See: A field guide to sandboxes for AI¹ on the threat models.
> I want to be direct: containers are not a sufficient security boundary for hostile code. They can be hardened, and that matters. But they still share the host kernel. The failure modes I see most often are misconfiguration and kernel/runtime bugs — plus a third one that shows up in AI systems: policy leakage.
¹ https://www.luiscardoso.dev/blog/sandboxes-for-ai
I think one difference is that it also provides the service of being a production environment you can serve from at the same time as development. There's more information about this thought in the fly io blog post.
I just use Docker devcontainers using Anthropic's own Dockerfile as a base, and it gives me a persistent sandbox that have ports opened and work in any container environment (be it remote or local), and work in any IDE that supports devcontainers...
https://anil.recoil.org/notes/ocaml-claude-dev
So what if Claude Code makes a mistake and tears up the sandbox? What happens to all the persisted state (aside from the container image)?
The linked fly.io article discusses why containers aren't a good fit for sandboxes that need persistent state and how sprites.dev addresses the challenges.
I read the linked fly article and didn't see where it's mentioned why containers aren't a good fit for sandboxes that need persistent state.

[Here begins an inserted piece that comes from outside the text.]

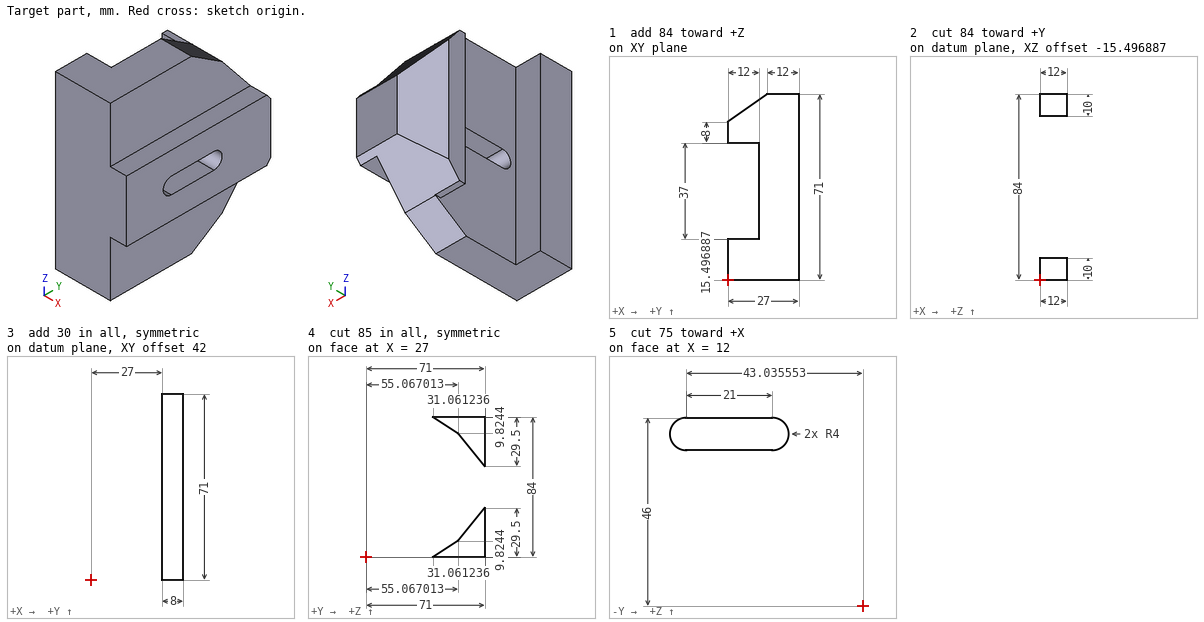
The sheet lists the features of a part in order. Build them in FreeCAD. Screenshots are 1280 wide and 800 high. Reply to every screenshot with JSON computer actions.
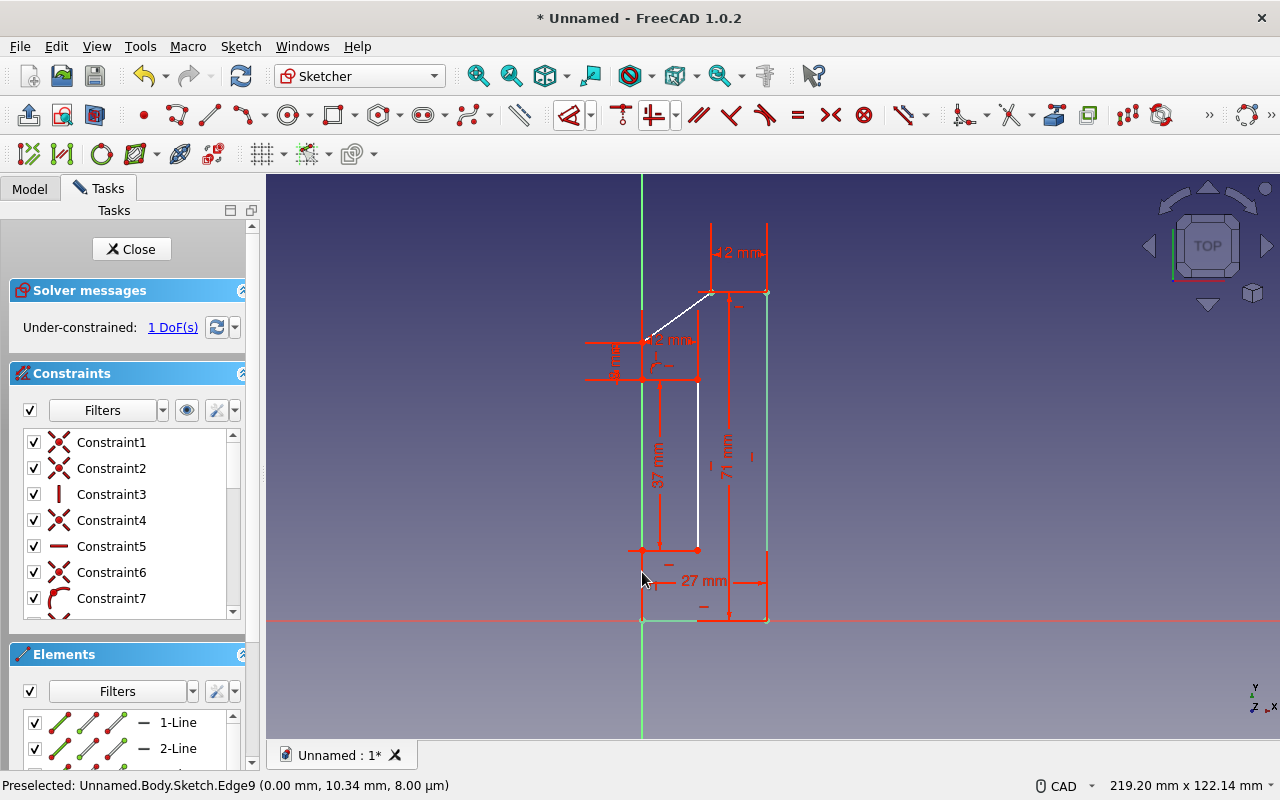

You can definitely do all the same snapshoting directly on your local docker volumes, although granted you'd need zfs or lvm backed volumes (which is probably what sprites do under the hood).
I think there are tradeoffs here. Maybe your one person vibe coded app doesn't need any change management, IaC, any of that. No docker file, start with whatever docker file fly wrote for you, beat it with an agent until it works enough. And it's pretty cool that you can then just serve it directly. Is it dev or prod? Yes.
On the other hand, I really don't think editing php files over ftp in prod was ahead of it's time -- I was there, man, and it sucked. I just know I'll be really confused about why something doesn't work eventually and wish I had some tracking of what changed over time. I want my IDE. I want VCS!
Maybe it's concerns about docker chroot escape? I'm not sure what the current consensus is on how "secure" docker is, but in the past I've heard you shouldn't assume an app in a container is fully isolated from the "host" system.